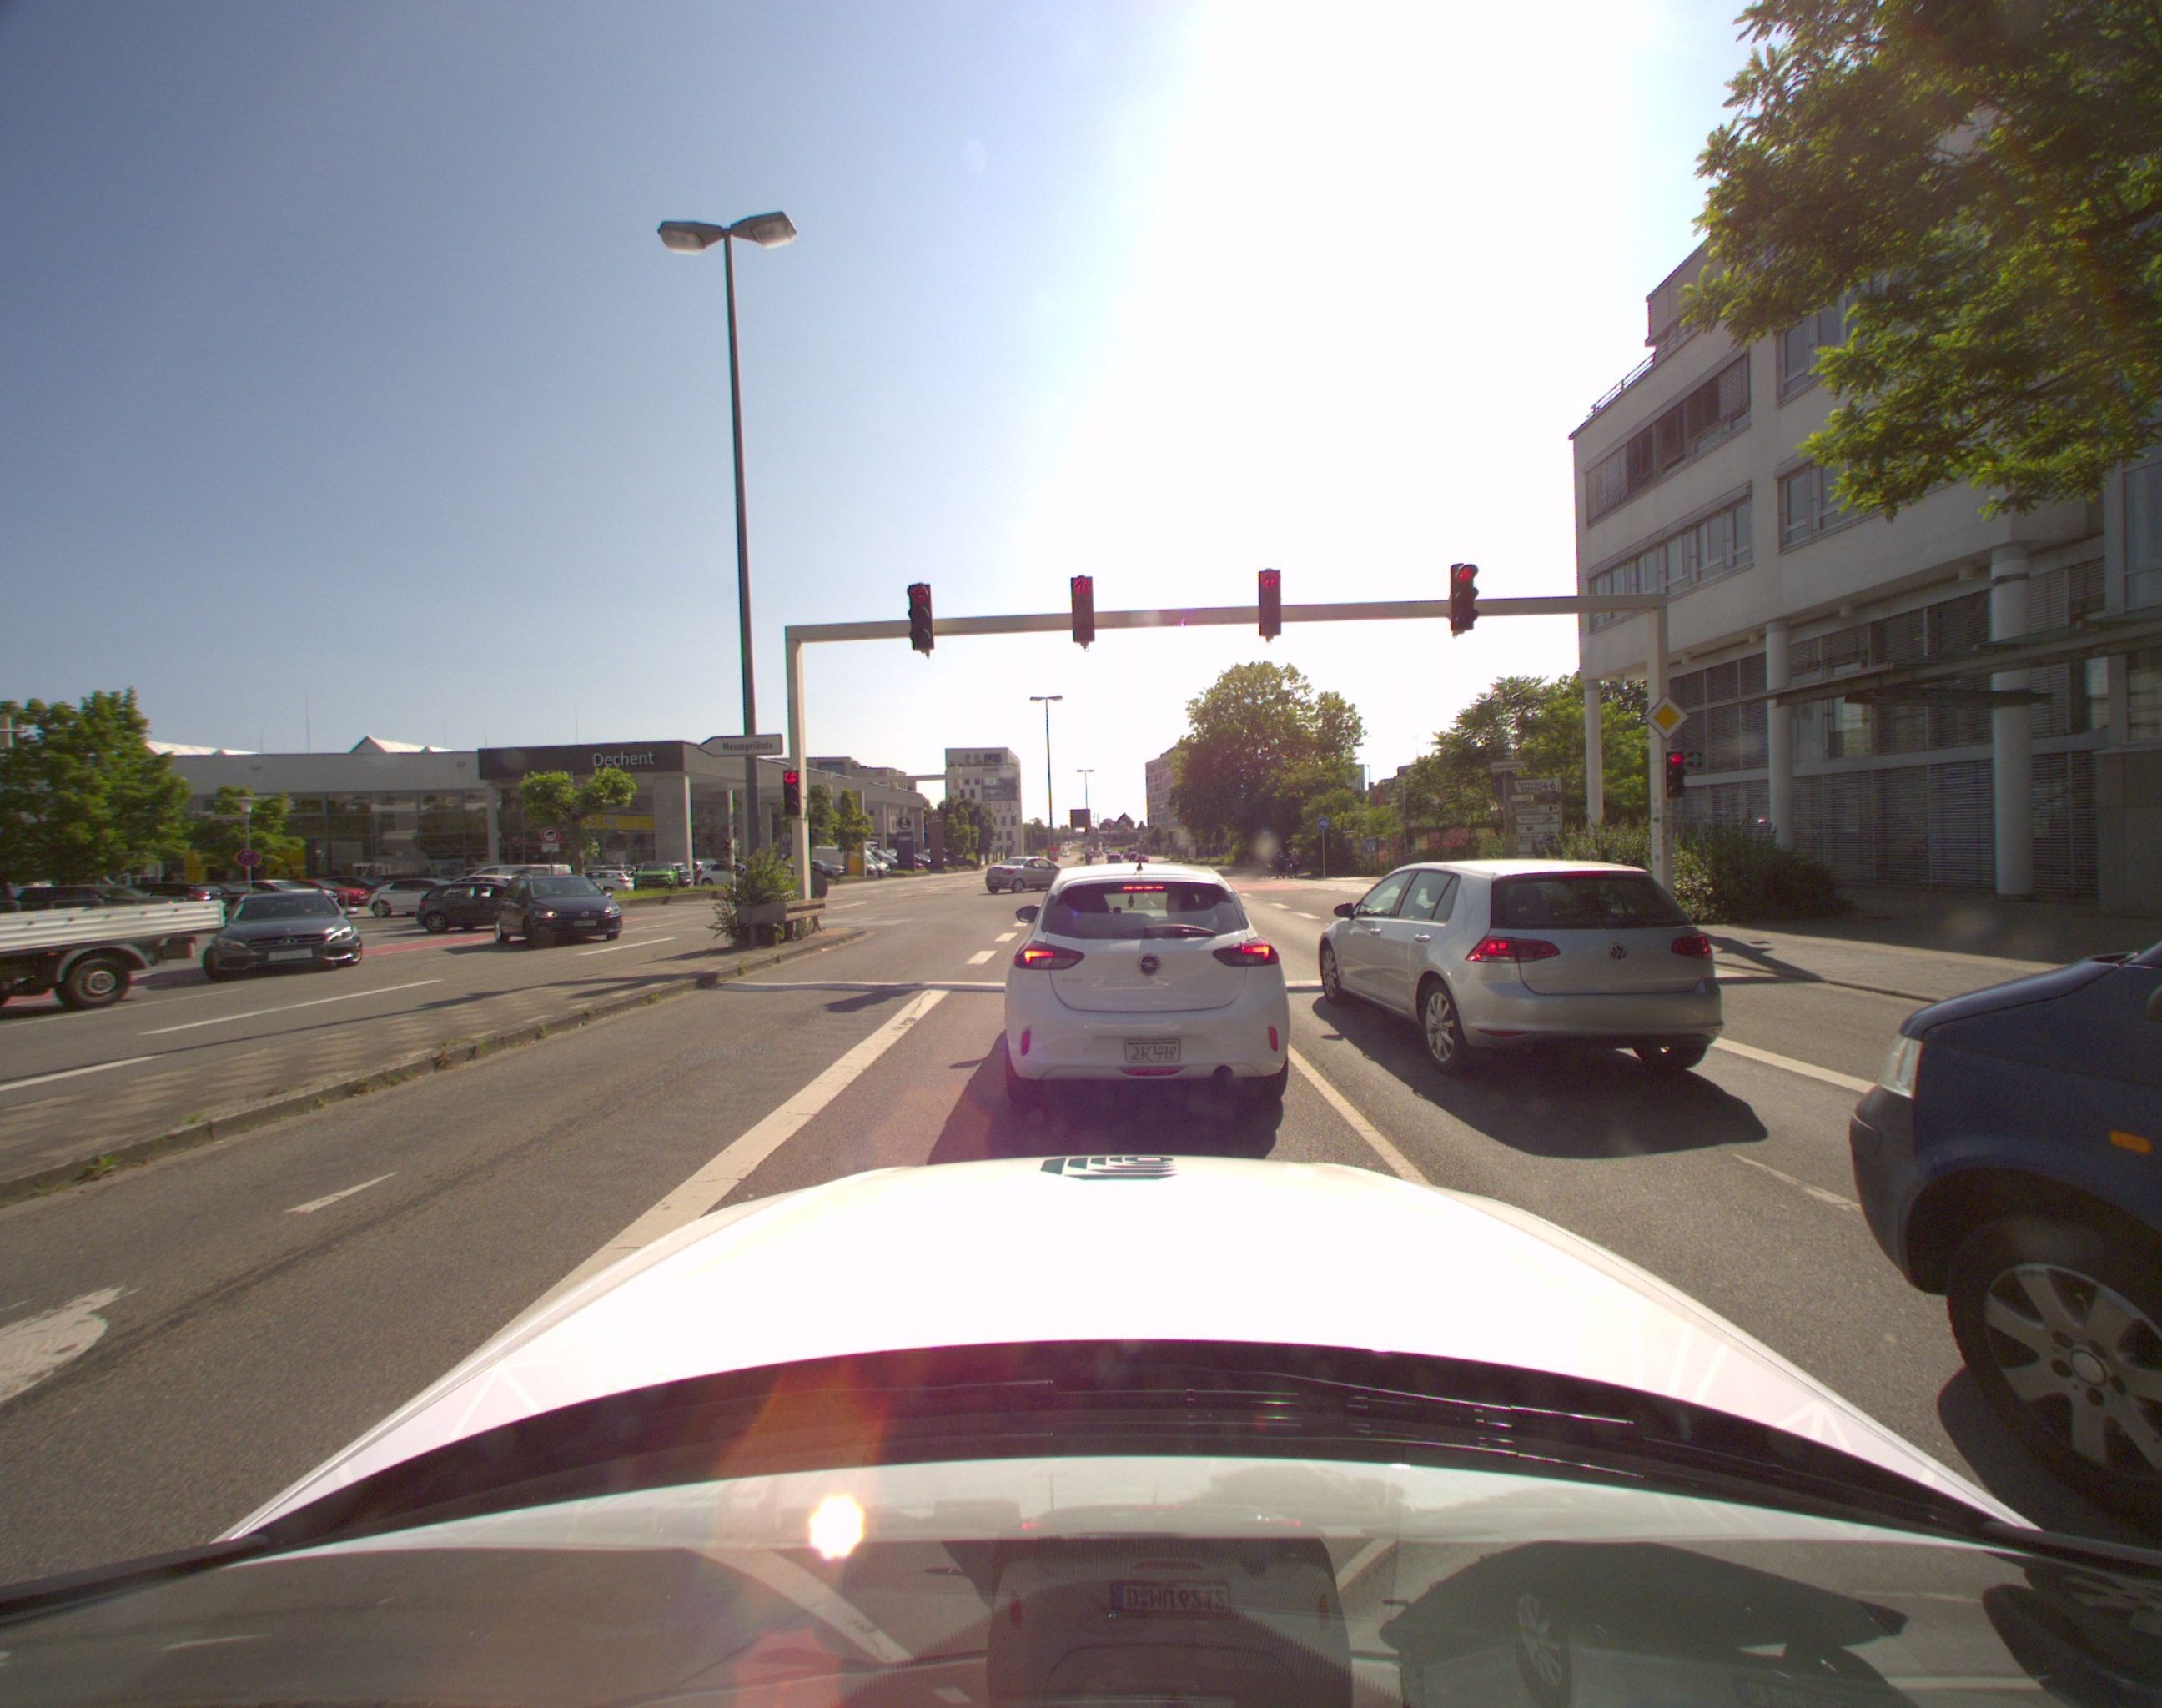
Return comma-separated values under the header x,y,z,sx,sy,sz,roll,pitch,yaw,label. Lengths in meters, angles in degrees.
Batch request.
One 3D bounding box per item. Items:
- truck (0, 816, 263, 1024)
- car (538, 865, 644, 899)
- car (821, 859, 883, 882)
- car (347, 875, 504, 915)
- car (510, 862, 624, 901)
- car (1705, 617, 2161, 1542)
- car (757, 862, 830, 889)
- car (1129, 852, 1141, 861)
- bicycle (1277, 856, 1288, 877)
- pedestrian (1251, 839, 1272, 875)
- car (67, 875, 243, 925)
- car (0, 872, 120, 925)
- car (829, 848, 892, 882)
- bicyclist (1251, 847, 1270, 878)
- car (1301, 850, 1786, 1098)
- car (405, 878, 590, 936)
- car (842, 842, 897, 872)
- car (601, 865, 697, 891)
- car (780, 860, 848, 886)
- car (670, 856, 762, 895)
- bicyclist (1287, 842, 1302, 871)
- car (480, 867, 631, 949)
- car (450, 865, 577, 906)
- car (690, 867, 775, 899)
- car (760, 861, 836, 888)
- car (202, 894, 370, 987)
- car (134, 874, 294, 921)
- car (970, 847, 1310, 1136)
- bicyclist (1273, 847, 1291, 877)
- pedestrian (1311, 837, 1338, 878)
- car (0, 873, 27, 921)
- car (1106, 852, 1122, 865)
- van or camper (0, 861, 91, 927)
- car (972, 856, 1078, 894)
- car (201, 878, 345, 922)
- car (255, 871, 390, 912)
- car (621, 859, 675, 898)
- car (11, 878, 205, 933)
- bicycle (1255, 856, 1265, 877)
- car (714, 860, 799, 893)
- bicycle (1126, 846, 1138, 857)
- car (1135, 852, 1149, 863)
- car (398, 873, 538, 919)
x,y,z,sx,sy,sz,roll,pitch,yaw,label
-14.408,0.860,9.733,2.346,2.545,6.445,-3,0,4,truck
-26.159,1.496,43.593,4.352,1.591,1.996,-2,0,-7,car
-18.506,1.337,65.910,4.334,1.696,2.004,-2,0,6,car
-25.544,1.589,31.869,4.348,1.300,1.997,-2,0,-4,car
-25.877,1.354,41.113,4.353,1.696,1.995,-2,0,-7,car
3.215,0.441,0.482,1.986,1.948,4.892,-2,-1,2,car
-20.070,1.469,56.965,4.344,1.696,1.999,-2,0,-1,car
9.088,0.393,137.537,1.799,1.386,4.001,0,-1,2,car
11.337,0.698,45.905,0.372,1.147,1.034,0,-1,0,bicycle
11.276,0.180,50.786,1.023,2.238,1.039,-2,0,1,pedestrian
-36.250,1.772,32.000,4.348,1.696,1.997,-2,0,-4,car
-43.165,1.825,33.708,3.984,2.013,1.995,-2,0,-8,car
-18.472,0.938,68.361,4.469,2.684,2.134,-2,0,10,car
10.450,0.475,47.538,0.876,1.772,0.864,-2,0,1,bicyclist
3.325,0.739,6.900,1.801,1.429,3.999,-2,-1,0,car
-17.429,1.558,24.519,3.982,1.442,1.996,-2,0,-6,car
-19.097,0.270,73.696,4.334,2.601,2.004,-2,0,6,car
-24.705,1.375,46.688,4.352,1.268,1.995,-3,-2,-7,car
-19.686,1.401,60.164,4.344,1.696,1.999,-2,0,-1,car
-19.036,1.085,42.607,3.859,1.837,1.999,-2,0,-1,car
12.158,0.120,46.343,0.650,1.637,0.660,0,-1,1,bicyclist
-12.074,1.158,18.621,4.082,1.617,1.903,-2,0,43,car
-26.512,1.441,38.187,4.353,1.696,1.995,-2,0,-7,car
-20.010,1.651,46.924,3.981,1.599,1.996,-2,0,-6,car
-18.984,1.353,54.716,4.343,1.696,1.999,-2,0,-1,car
-15.044,1.515,15.353,3.949,1.360,1.917,0,-1,41,car
-36.358,1.808,34.253,4.348,1.696,1.997,-2,0,-4,car
0.373,0.741,6.374,1.773,1.494,4.001,-2,0,2,car
11.311,0.468,45.861,0.687,1.643,0.775,-2,0,-7,bicyclist
12.425,0.182,41.585,1.023,2.013,1.039,-2,0,1,pedestrian
-40.612,1.615,28.342,4.371,1.696,1.987,-2,0,-20,car
3.785,0.541,94.321,1.800,1.386,4.000,1,0,1,car
-41.950,1.576,31.349,4.711,2.400,1.995,-2,0,-8,van or camper
-2.281,0.825,33.907,4.023,1.331,1.976,-3,1,-43,car
-36.638,2.061,37.024,4.348,1.696,1.997,-2,0,-4,car
-36.621,1.779,39.423,4.352,1.696,1.995,-2,0,-7,car
-21.255,1.217,39.965,1.915,1.733,3.258,-2,-1,-35,car
-35.091,1.817,29.488,4.348,1.696,1.997,-2,0,-4,car
10.457,0.742,47.509,0.371,1.216,1.154,0,0,2,bicycle
-19.686,1.346,49.588,4.284,1.765,1.999,-2,0,-1,car
9.737,-0.476,155.471,1.986,2.157,4.001,-2,0,1,bicycle
8.179,0.523,109.473,1.799,1.386,4.001,0,-1,2,car
-26.293,1.781,35.071,4.348,1.696,1.997,-2,0,-4,car
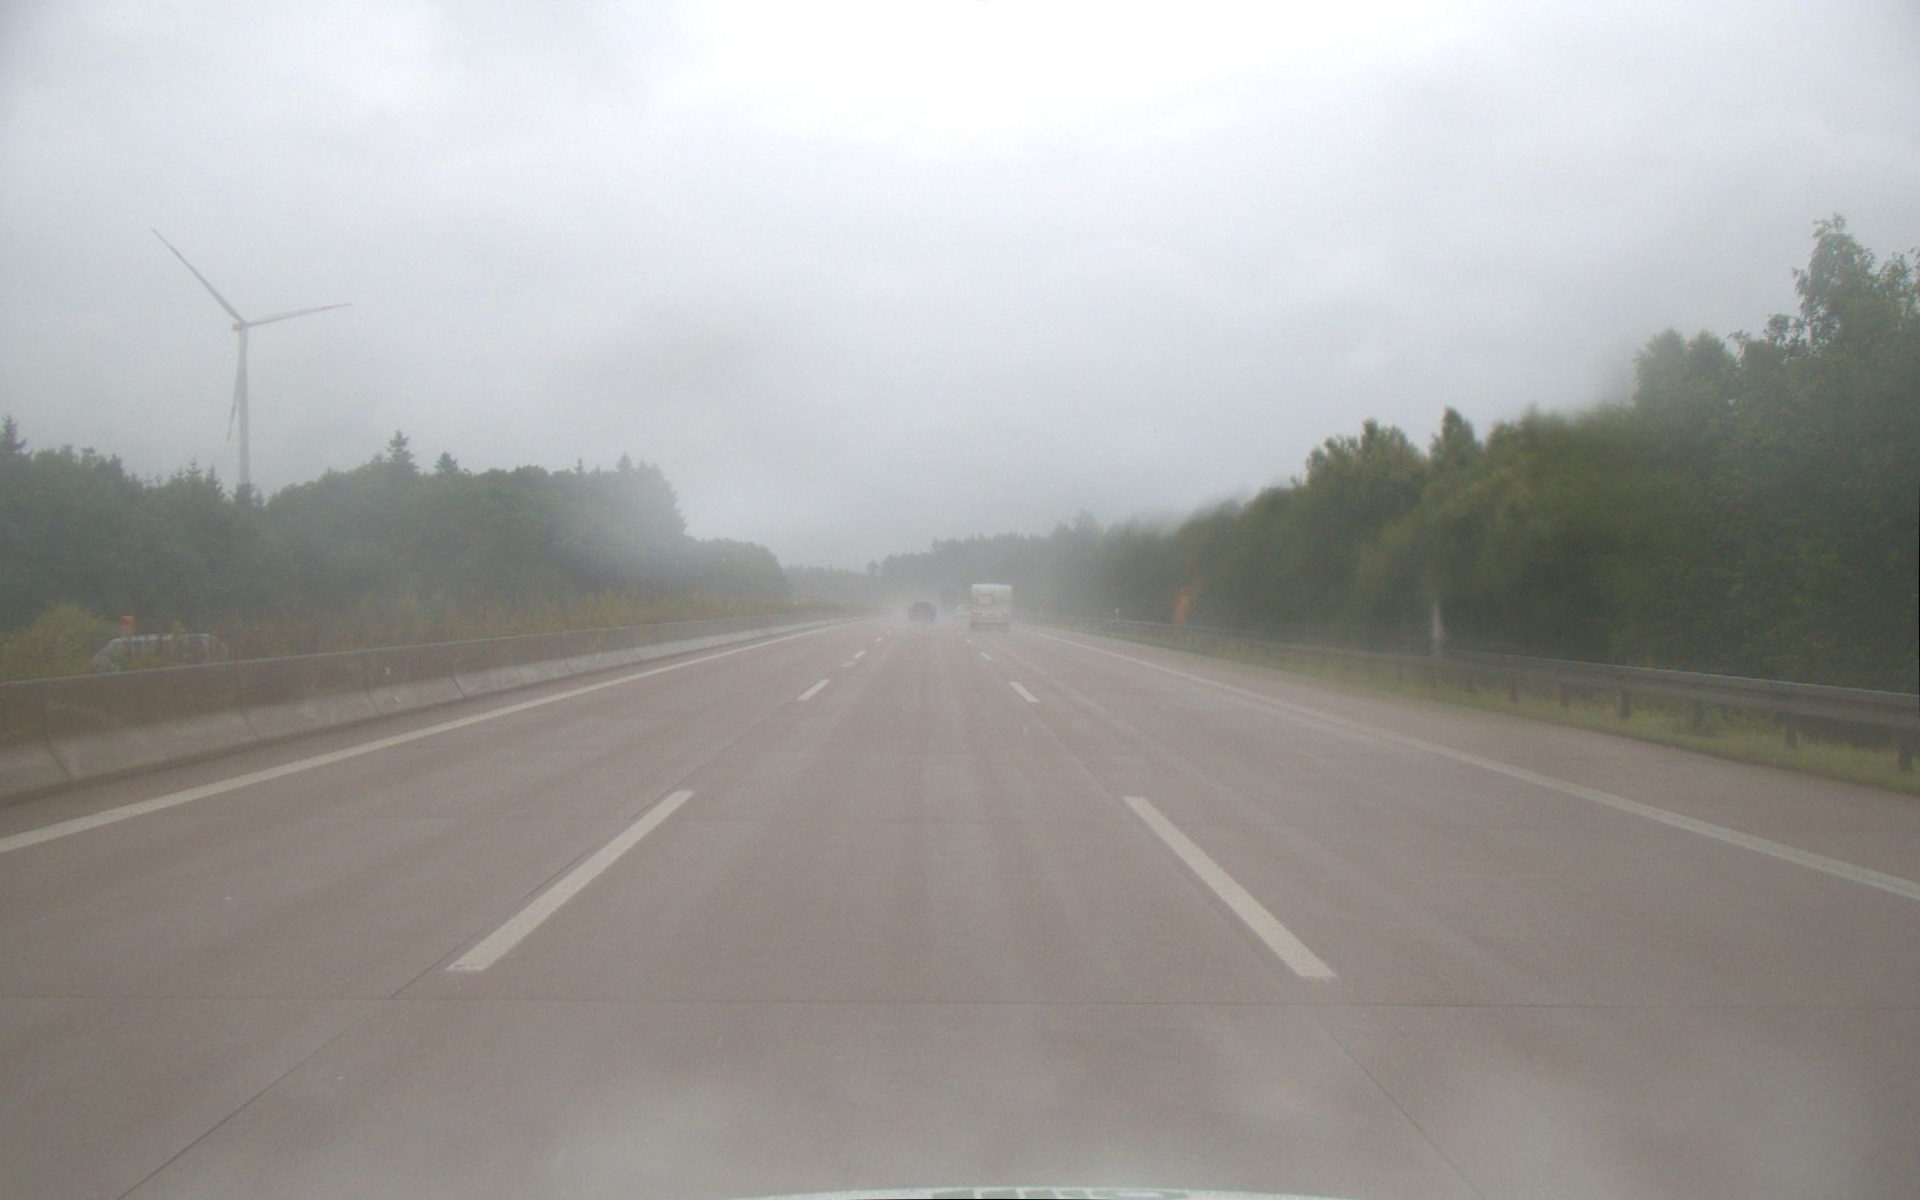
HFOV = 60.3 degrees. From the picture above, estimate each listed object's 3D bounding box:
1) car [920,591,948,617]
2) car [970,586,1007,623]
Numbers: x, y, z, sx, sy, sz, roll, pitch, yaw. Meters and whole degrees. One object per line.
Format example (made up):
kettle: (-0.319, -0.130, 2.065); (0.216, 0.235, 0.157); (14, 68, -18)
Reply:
car: (-1.774, 0.268, 113.829); (1.897, 1.760, 4.130); (0, 0, 0)
car: (1.588, 0.221, 93.164); (2.016, 2.034, 4.098); (0, 0, 0)

==========

## Task requirements
Only the pictures are to be omitted; the records above must otherwise be reproduced exactly.

## Task result
Return comma-separated values under the header x,y,z,sx,sy,sz,roll,pitch,yaw,label. Lengths in meters, angles in degrees.
Batch request.
One 3D bounding box per item. Items:
- truck (0, 816, 263, 1024)
- car (538, 865, 644, 899)
- car (821, 859, 883, 882)
- car (347, 875, 504, 915)
- car (510, 862, 624, 901)
- car (1705, 617, 2161, 1542)
- car (757, 862, 830, 889)
- car (1129, 852, 1141, 861)
- bicycle (1277, 856, 1288, 877)
- pedestrian (1251, 839, 1272, 875)
- car (67, 875, 243, 925)
- car (0, 872, 120, 925)
- car (829, 848, 892, 882)
- bicyclist (1251, 847, 1270, 878)
- car (1301, 850, 1786, 1098)
- car (405, 878, 590, 936)
- car (842, 842, 897, 872)
- car (601, 865, 697, 891)
- car (780, 860, 848, 886)
- car (670, 856, 762, 895)
- bicyclist (1287, 842, 1302, 871)
- car (480, 867, 631, 949)
- car (450, 865, 577, 906)
- car (690, 867, 775, 899)
- car (760, 861, 836, 888)
- car (202, 894, 370, 987)
- car (134, 874, 294, 921)
- car (970, 847, 1310, 1136)
- bicyclist (1273, 847, 1291, 877)
- pedestrian (1311, 837, 1338, 878)
- car (0, 873, 27, 921)
- car (1106, 852, 1122, 865)
- van or camper (0, 861, 91, 927)
- car (972, 856, 1078, 894)
- car (201, 878, 345, 922)
- car (255, 871, 390, 912)
- car (621, 859, 675, 898)
- car (11, 878, 205, 933)
- bicycle (1255, 856, 1265, 877)
- car (714, 860, 799, 893)
- bicycle (1126, 846, 1138, 857)
- car (1135, 852, 1149, 863)
- car (398, 873, 538, 919)
x,y,z,sx,sy,sz,roll,pitch,yaw,label
-14.408,0.860,9.733,2.346,2.545,6.445,-3,0,4,truck
-26.159,1.496,43.593,4.352,1.591,1.996,-2,0,-7,car
-18.506,1.337,65.910,4.334,1.696,2.004,-2,0,6,car
-25.544,1.589,31.869,4.348,1.300,1.997,-2,0,-4,car
-25.877,1.354,41.113,4.353,1.696,1.995,-2,0,-7,car
3.215,0.441,0.482,1.986,1.948,4.892,-2,-1,2,car
-20.070,1.469,56.965,4.344,1.696,1.999,-2,0,-1,car
9.088,0.393,137.537,1.799,1.386,4.001,0,-1,2,car
11.337,0.698,45.905,0.372,1.147,1.034,0,-1,0,bicycle
11.276,0.180,50.786,1.023,2.238,1.039,-2,0,1,pedestrian
-36.250,1.772,32.000,4.348,1.696,1.997,-2,0,-4,car
-43.165,1.825,33.708,3.984,2.013,1.995,-2,0,-8,car
-18.472,0.938,68.361,4.469,2.684,2.134,-2,0,10,car
10.450,0.475,47.538,0.876,1.772,0.864,-2,0,1,bicyclist
3.325,0.739,6.900,1.801,1.429,3.999,-2,-1,0,car
-17.429,1.558,24.519,3.982,1.442,1.996,-2,0,-6,car
-19.097,0.270,73.696,4.334,2.601,2.004,-2,0,6,car
-24.705,1.375,46.688,4.352,1.268,1.995,-3,-2,-7,car
-19.686,1.401,60.164,4.344,1.696,1.999,-2,0,-1,car
-19.036,1.085,42.607,3.859,1.837,1.999,-2,0,-1,car
12.158,0.120,46.343,0.650,1.637,0.660,0,-1,1,bicyclist
-12.074,1.158,18.621,4.082,1.617,1.903,-2,0,43,car
-26.512,1.441,38.187,4.353,1.696,1.995,-2,0,-7,car
-20.010,1.651,46.924,3.981,1.599,1.996,-2,0,-6,car
-18.984,1.353,54.716,4.343,1.696,1.999,-2,0,-1,car
-15.044,1.515,15.353,3.949,1.360,1.917,0,-1,41,car
-36.358,1.808,34.253,4.348,1.696,1.997,-2,0,-4,car
0.373,0.741,6.374,1.773,1.494,4.001,-2,0,2,car
11.311,0.468,45.861,0.687,1.643,0.775,-2,0,-7,bicyclist
12.425,0.182,41.585,1.023,2.013,1.039,-2,0,1,pedestrian
-40.612,1.615,28.342,4.371,1.696,1.987,-2,0,-20,car
3.785,0.541,94.321,1.800,1.386,4.000,1,0,1,car
-41.950,1.576,31.349,4.711,2.400,1.995,-2,0,-8,van or camper
-2.281,0.825,33.907,4.023,1.331,1.976,-3,1,-43,car
-36.638,2.061,37.024,4.348,1.696,1.997,-2,0,-4,car
-36.621,1.779,39.423,4.352,1.696,1.995,-2,0,-7,car
-21.255,1.217,39.965,1.915,1.733,3.258,-2,-1,-35,car
-35.091,1.817,29.488,4.348,1.696,1.997,-2,0,-4,car
10.457,0.742,47.509,0.371,1.216,1.154,0,0,2,bicycle
-19.686,1.346,49.588,4.284,1.765,1.999,-2,0,-1,car
9.737,-0.476,155.471,1.986,2.157,4.001,-2,0,1,bicycle
8.179,0.523,109.473,1.799,1.386,4.001,0,-1,2,car
-26.293,1.781,35.071,4.348,1.696,1.997,-2,0,-4,car
HFOV = 60.3 degrees. From the picture above, estimate each listed object's 3D bounding box:
1) car [920,591,948,617]
2) car [970,586,1007,623]
Numbers: x, y, z, sx, sy, sz, roll, pitch, yaw. Meters and whole degrees. One object per line.
Format example (made up):
kettle: (-0.319, -0.130, 2.065); (0.216, 0.235, 0.157); (14, 68, -18)
Reply:
car: (-1.774, 0.268, 113.829); (1.897, 1.760, 4.130); (0, 0, 0)
car: (1.588, 0.221, 93.164); (2.016, 2.034, 4.098); (0, 0, 0)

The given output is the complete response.